Besser spät als nie! Wenn Sie einen schlecht sitzenden Sattel als Auslöser für bisher unerklärliche Probleme feststellen, heißt es reagieren. Eine einfache Lösung gibt es allerdings nicht, es sind immer mehrere Schritte nötig, die Hand in Hand gehen müssen, um das Problem aus der Welt zu schaffen. Als erstes muss der Sattel angepasst oder eventuell ein neuer – oder ein vorübergehender – Sattel angeschafft werden. Dann muss das Pferd behandelt werden. Akupunktur, Osteopathie, Meridianbehandlungen und Homöopathie helfen, die vorhandenen Schmerzen und Anhaftungen schnell zu beseitigen und dem Pferd wieder Freude an der Arbeit zu vermitteln. Merke: Der Abbau eines Muskels dauert nur wenige Wochen, der Aufbau dagegen mehrere Monate – und ohne therapeutische Hilfe hilft auch ein geänderter oder neuer Sattel nichts! Richtiges Arbeiten für die jeweiligen Muskelgruppen ist ebenso unerlässlich wie die Therapie. Die richtig ausgeübte Dressurarbeit, egal welcher Reitweise, ist Gymnastik für das Pferd und gerade in der Aufbauphase der geschädigten Muskulatur neben entspannenden Ausritten das Mittel der Wahl.

Und noch einmal
Schlecht sitzende Sättel haben weit reichende Folgen!

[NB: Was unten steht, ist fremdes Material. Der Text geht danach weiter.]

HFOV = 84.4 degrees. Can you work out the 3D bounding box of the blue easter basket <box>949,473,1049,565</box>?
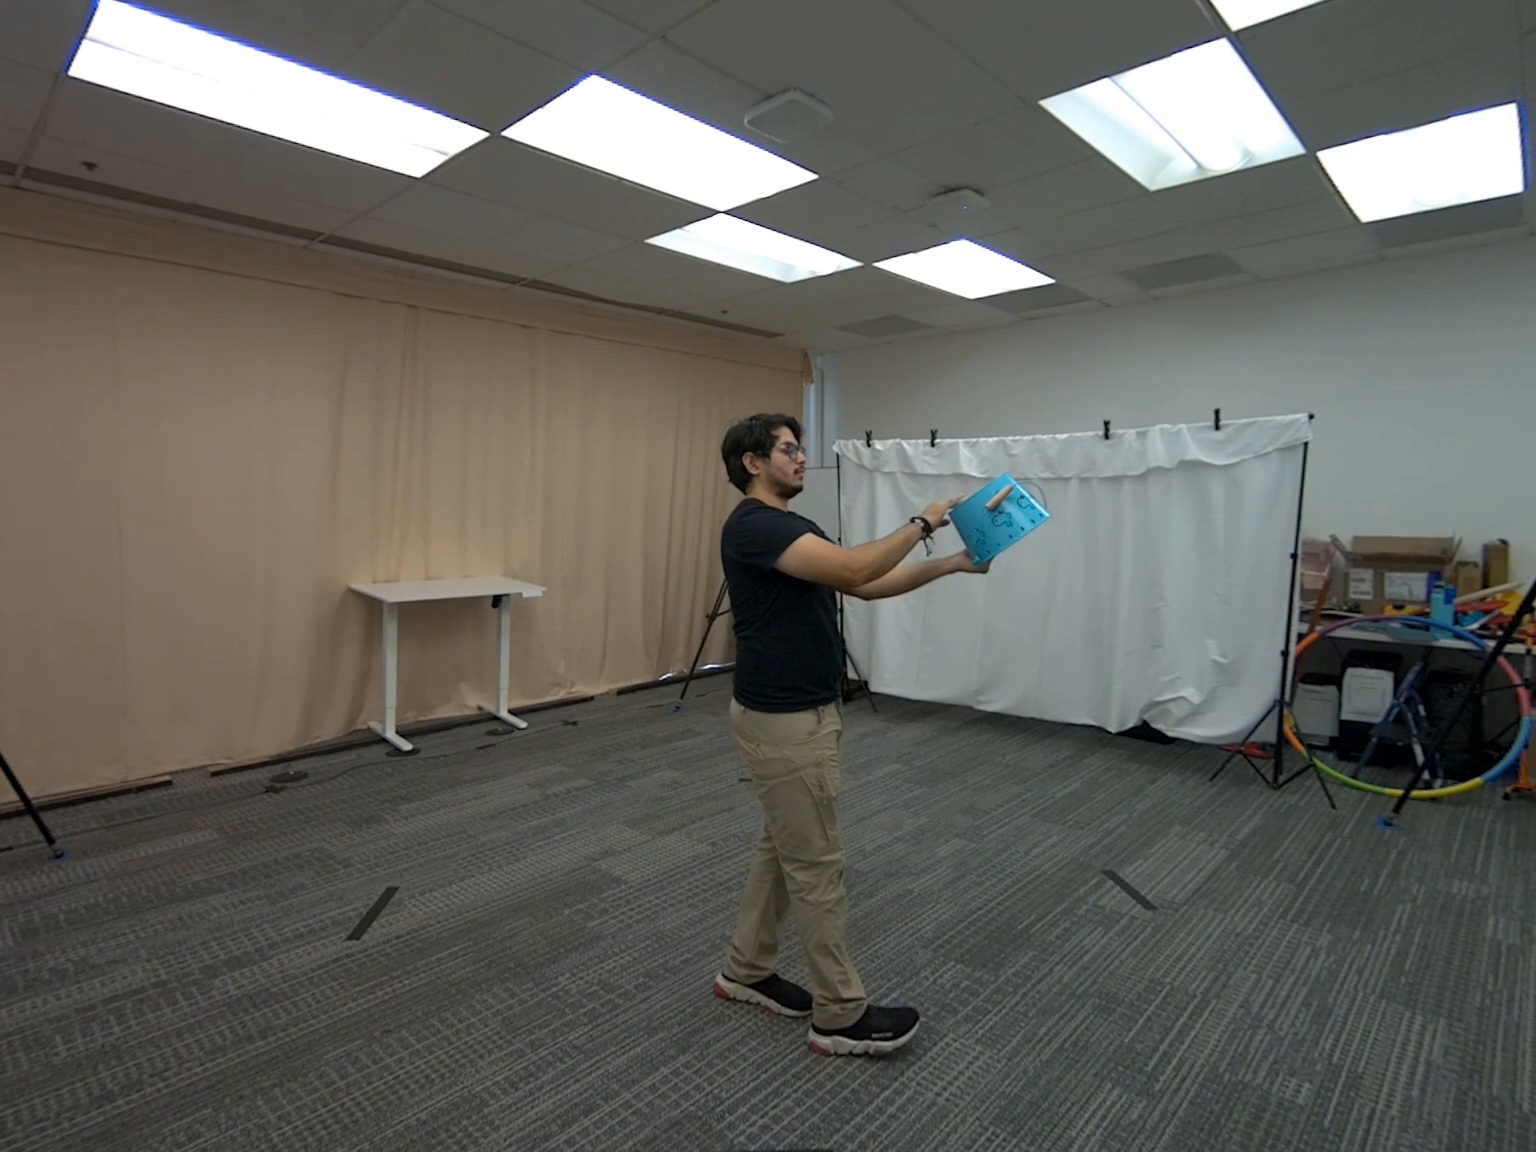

Oft sind es nur kleine Mängel an der Passform eines Sattels, die auf lange Sicht zu Verspannungen, Lahmheiten und Muskelschwund führen. Im Anfangsstadium hat das Pferd zwar keine Schmerzen, der Muskel kann sich aber trotz Training nicht weiter aufbauen, wenn an einer bestimmten Stelle zu viel Druck auf ihm lastet. Wenn der Druck bestehen bleibt, wird daraus schnell Muskelschwund. Bleibt dieser unbeachtet, sitzt der Sattel früher oder später auf den frei liegenden Nervenenden der betroffenen Region. Der Rücken wird äußerst empfindlich und das Pferd gewöhnt sich Vermeidungshaltungen an, beginnt zu lahmen, geht nicht mehr durchs Genick, schleift die Füße hinterher, hat Gurtzwang, rennt beim Aufsteigen weg, ist plötzlich in der Gurtlage „kitzlig“ und so weiter. Ein so weit geschädigter Rücken ist nicht leicht wieder aufzubauen. Oft ist, bevor überhaupt ein neuer Sattel angepasst werden kann, eine völlige Bewegungs-Umerziehung des Pferdes nötig, damit die Muskulatur sich wieder regenerieren kann.